Lots of chick suppliers out there--mail order works fine, but try to find one relatively close to you so they don't spend more than a day or so in the mail. Get a book now before you start, there's several decent ones on raising chicks and chickens that are quick reads.

Good luck, have fun,


MikeinKS    Posted 02-28-2001 at 18:10:10       [Reply]  [Send Email]
I dont know what mom has but the cats dont mess with the chickens at all. In fact the cats wait at the door for scraps and if they don't grab and run the chickens will take what ever they can from the cats( ive never seen the chickens mess with the cat food ) I've seen 4 chickens attacking a cat over scraps, It tryed to make a run for it and the chickens followed pecking him till he droped it.

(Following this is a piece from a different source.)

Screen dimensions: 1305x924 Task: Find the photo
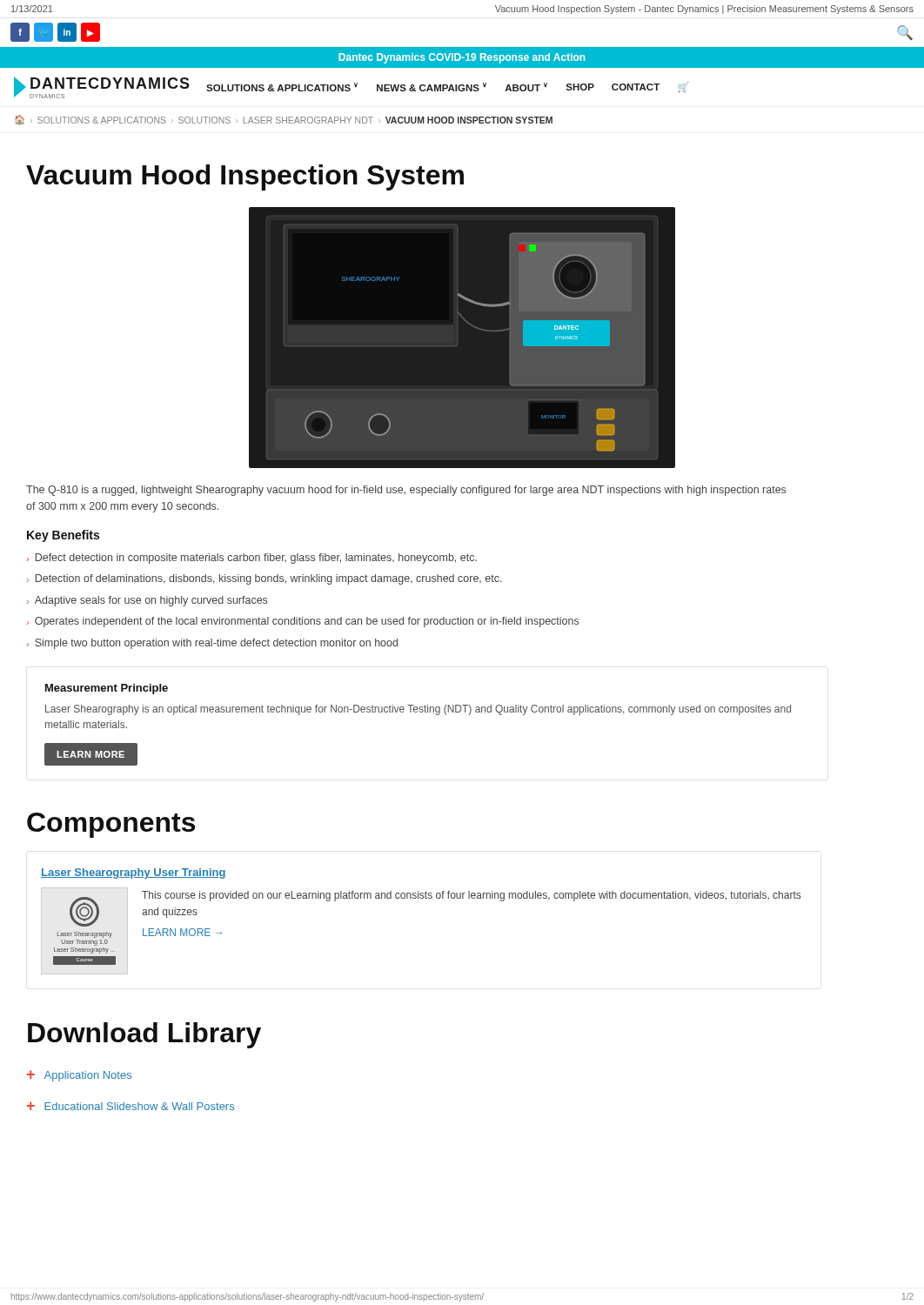[462, 338]

F14    Posted 02-28-2001 at 14:51:00       [Reply]  [No Email]
If you want a good, hardy chicken that lays large brown eggs, good producers and easy keepers, with a good dispostion, go with the Black Sexlink. It's a cross-bred bird, specifically selected for laying. They are commonly available at any Feed & Seed type store. They will lay an egg every other day or slightly more.

If you want a dual-purpose bird (eggs and invite one to be dinner occasionally) Barred Rocks are hard to beat.

Rhode Island Reds and Leghorns tend to be kind of aggressive, which isn't good around kids.